I have two arrays, available_items and requested_items. I want to remove elements from requested_items that are missing in available_items. Using forEach does not give the expected result apparently because the internal index increments even when an element is deleted and the next element would have the old index.

Here's a test case (also in this jsbin):

var available_items = [2, 5, 9, 36, 48, 23];
var requested_items = [5, 12, 49, 30, 90, 17];
requested_items.forEach(function(v, i, a) {
  if(available_items.indexOf(v) == -1) {
    console.log("will remove " + i + ' ' + v);
    a.splice(i, 1);
  } else console.log("will keep " + i + ' ' + v);
});
console.log('Resulting request array is ' + requested_items.toString());

The result is:

"will keep 0 5"
"will remove 1 12"
"will remove 2 30"
"will remove 3 17"
"Resulting request array is 5,49,90"

This will be repeated tens of thousands times, so, using libraries (e.g. underscore), is something I want to avoid if they adversely impact performance.

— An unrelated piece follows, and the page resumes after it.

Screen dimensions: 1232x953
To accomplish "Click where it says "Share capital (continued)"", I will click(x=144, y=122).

So, my question is, what is the least expensive way to correct this?

Majid Fouladpour
  • 29,356
  • 21
  • 76
  • 127

2 Answers2

13

Use a for loop and count backwards, so you don't have a problem with the index.

for(var i = requested_items.length - 1; i >= 0; i--) {
   // your logic
}

It "feels" hacky but it does the trick.

TetraDev
  • 16,074
  • 6
  • 60
  • 61
Jo David
  • 1,696
  • 2
  • 18
  • 20
  • Still faster than `filter` even with large arrays: http://jsperf.com/reducing-array-with-filter-vs-loop (at least in chrome) – Jo David Jul 25 '13 at 08:48
2

The spec: https://developer.mozilla.org/en-US/docs/Web/JavaScript/Reference/Global_Objects/Array/forEach

The range is determined before the forEach function begins executing - so you are calling i = [0 .. 5]... elements a[1], a[2], .. a[5].

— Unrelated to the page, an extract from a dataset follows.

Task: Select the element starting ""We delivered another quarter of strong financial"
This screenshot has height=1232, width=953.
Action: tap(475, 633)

The values themselves are determined when the index is visited. So if you delete a[1], then skip to a[2], you're jumping over a value! (In your example, a[1] would up being 49.)

Last important part of the spec: indexes that are deleted are not visited, so it's a silent warning. In a real-life C++ array, you'd see an eqivalent of: 'index 4 is out of range! index 5 is out of range!'

Anecdotally, if I were you I'd probably avoid modifying this array within the loop as a matter of principle. In other programming languages, forEach loops are executed in parallel, and the order of the indexes is not set in stone.. modifying the encompassing structure causes undefined behavior. As you can see from the spec, here it's kind of an... ehh, you shouldn't do that situation, but here's what'll happen if you do...

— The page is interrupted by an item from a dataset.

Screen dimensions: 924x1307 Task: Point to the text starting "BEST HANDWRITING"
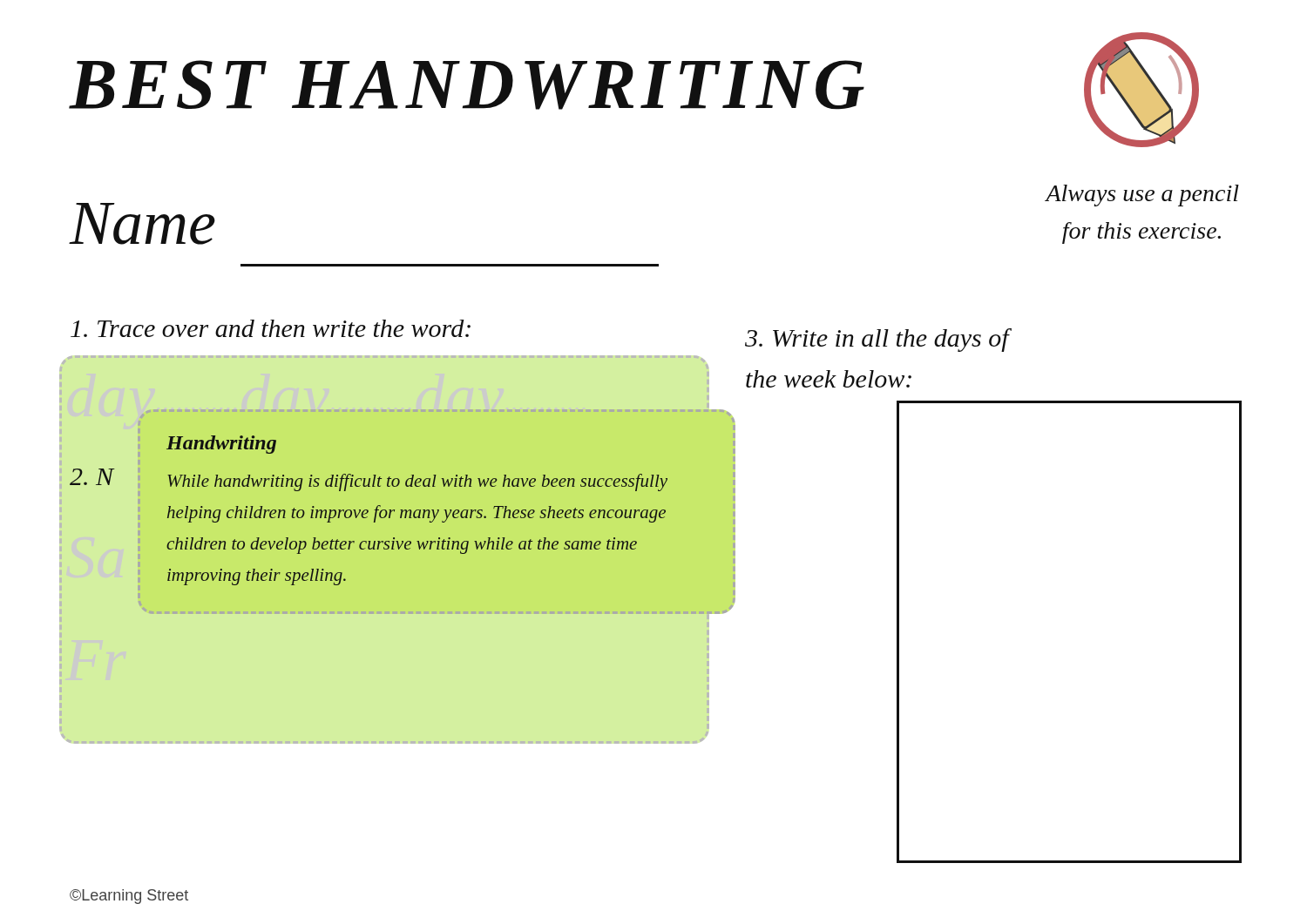[470, 84]

My solution would be to create a third array and use it instead:

var found_items = [];
requested_items.forEach(function(v, i, a) {
  if(available_items.indexOf(v) !== -1) {
    found_items.push(v);
  }
});

An incredibly hacky way to keep your chosen style would be to use a while() loop to stay on the same index every time you delete an element.

requested_items.forEach(function(v, i, a) {
  if(available_items.indexOf(v) == -1) {
    console.log("will remove " + i + ' ' + v);
    a.splice(i, 1);

    while(available_items.indexOf(a[i]) === -1) {
      console.log("will also remove " + i + ' ' + a[i]);
      a.splice(i, 1);
    }

  } else console.log("will keep " + i + ' ' + v);
});

Ugh, that's ugly.

MST
  • 649
  • 6
  • 4